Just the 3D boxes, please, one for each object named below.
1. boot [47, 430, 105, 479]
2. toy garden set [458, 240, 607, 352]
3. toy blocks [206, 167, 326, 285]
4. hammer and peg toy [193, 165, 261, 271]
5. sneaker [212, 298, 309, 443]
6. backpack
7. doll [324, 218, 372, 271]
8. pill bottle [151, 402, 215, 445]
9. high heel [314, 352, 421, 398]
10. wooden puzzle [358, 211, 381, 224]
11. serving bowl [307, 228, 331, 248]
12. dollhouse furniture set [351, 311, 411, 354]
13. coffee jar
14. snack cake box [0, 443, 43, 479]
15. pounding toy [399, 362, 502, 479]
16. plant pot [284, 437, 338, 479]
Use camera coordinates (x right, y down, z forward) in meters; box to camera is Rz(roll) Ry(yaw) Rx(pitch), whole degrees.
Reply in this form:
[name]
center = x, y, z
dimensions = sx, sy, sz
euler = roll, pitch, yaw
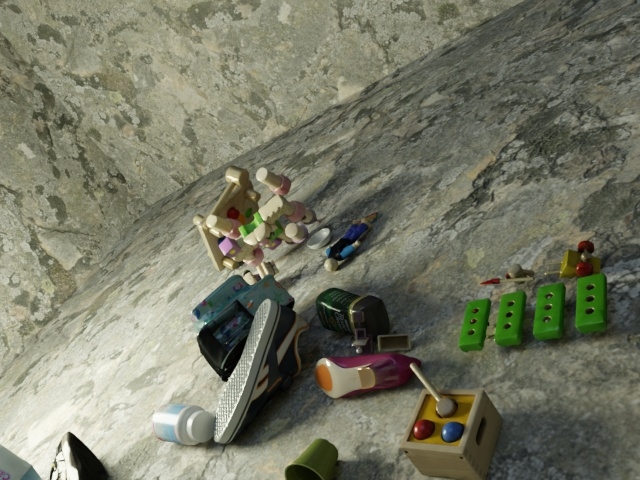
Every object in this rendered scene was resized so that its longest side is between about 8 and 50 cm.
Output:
[boot]
center = -0.640, 0.629, 1.334
dimensions = 0.284, 0.138, 0.377
euler = -42, 29, -14
[toy garden set]
center = 0.379, 0.105, 1.016
dimensions = 0.244, 0.049, 0.204
euler = -19, 30, 37
[toy blocks]
center = -0.138, -0.006, 1.794
dimensions = 0.288, 0.260, 0.309
euler = -40, 61, 14
[hammer and peg toy]
center = -0.316, -0.082, 1.974
dimensions = 0.127, 0.361, 0.266
euler = 26, 60, 26
[sneaker]
center = -0.122, 0.300, 1.268
dimensions = 0.126, 0.127, 0.321
euler = 6, 71, 66
[backpack]
center = -0.189, 0.195, 1.428
dimensions = 0.253, 0.191, 0.225
euler = -36, -14, -19
[doll]
center = 0.071, 0.014, 1.622
dimensions = 0.129, 0.046, 0.189
euler = -6, 37, 52
[pill bottle]
center = -0.310, 0.420, 1.322
dimensions = 0.160, 0.087, 0.087
euler = -12, 33, 44
[high heel]
center = 0.084, 0.256, 1.141
dimensions = 0.117, 0.082, 0.244
euler = -6, -14, -32
[wooden puzzle]
center = 0.144, -0.061, 1.714
dimensions = 0.083, 0.006, 0.049
euler = -26, 25, 22
[serving bowl]
center = 0.000, 0.000, 1.771
dimensions = 0.083, 0.027, 0.083
euler = -29, 24, 14
[dollhouse furniture set]
center = 0.116, 0.185, 1.129
dimensions = 0.114, 0.091, 0.081
euler = -5, 1, 12
[coffee jar]
center = 0.070, 0.162, 1.269
dimensions = 0.079, 0.096, 0.184
euler = -26, 15, -29
[snack cake box]
center = -0.791, 0.585, 1.445
dimensions = 0.089, 0.152, 0.264
euler = -54, -7, -35
[pounding toy]
center = 0.190, 0.272, 0.886
dimensions = 0.130, 0.100, 0.141
euler = -13, 32, 43
[plant pot]
center = -0.008, 0.385, 0.991
dimensions = 0.083, 0.083, 0.079
euler = -20, 16, 34
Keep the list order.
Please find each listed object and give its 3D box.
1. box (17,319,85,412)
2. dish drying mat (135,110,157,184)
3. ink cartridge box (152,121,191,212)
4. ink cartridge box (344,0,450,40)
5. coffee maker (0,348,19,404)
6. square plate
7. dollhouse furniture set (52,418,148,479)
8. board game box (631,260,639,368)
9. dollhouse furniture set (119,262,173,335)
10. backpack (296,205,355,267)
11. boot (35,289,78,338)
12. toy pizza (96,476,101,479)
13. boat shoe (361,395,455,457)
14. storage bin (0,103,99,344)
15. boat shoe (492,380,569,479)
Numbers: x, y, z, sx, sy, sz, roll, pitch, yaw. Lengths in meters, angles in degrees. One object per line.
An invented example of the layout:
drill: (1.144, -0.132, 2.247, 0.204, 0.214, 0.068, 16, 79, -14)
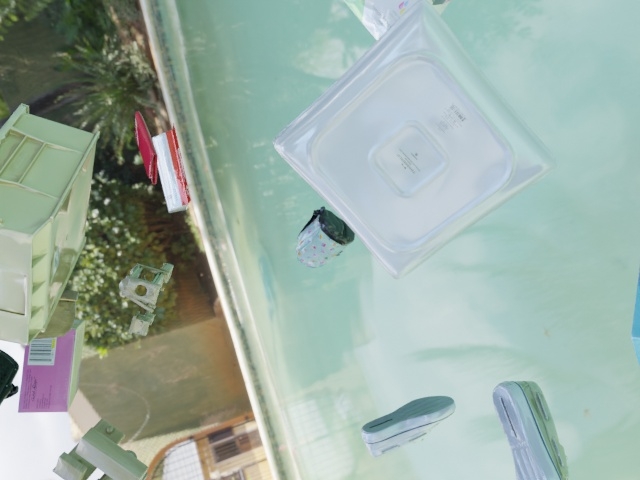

○ ○ ○ ○ ○ ○ ○

→ Work order
Begin at the first line of the listing and print each line exactly. Stop after the line containing "Every object in", and omit all pictures.

→ Solution for this exercise
Just the 3D boxes, please, one for each object named below.
1. boot [47, 430, 105, 479]
2. toy garden set [458, 240, 607, 352]
3. toy blocks [206, 167, 326, 285]
4. hammer and peg toy [193, 165, 261, 271]
5. sneaker [212, 298, 309, 443]
6. backpack
7. doll [324, 218, 372, 271]
8. pill bottle [151, 402, 215, 445]
9. high heel [314, 352, 421, 398]
10. wooden puzzle [358, 211, 381, 224]
11. serving bowl [307, 228, 331, 248]
12. dollhouse furniture set [351, 311, 411, 354]
13. coffee jar
14. snack cake box [0, 443, 43, 479]
15. pounding toy [399, 362, 502, 479]
16. plant pot [284, 437, 338, 479]
Use camera coordinates (x right, y down, z forward) in meters; box to camera is Rz(roll) Ry(yaw) Rx(pitch), whole degrees.
Reply in this form:
[name]
center = x, y, z
dimensions = sx, sy, sz
euler = roll, pitch, yaw
Every object in this rendered scene was resized so that its longest side is between about 8 and 50 cm.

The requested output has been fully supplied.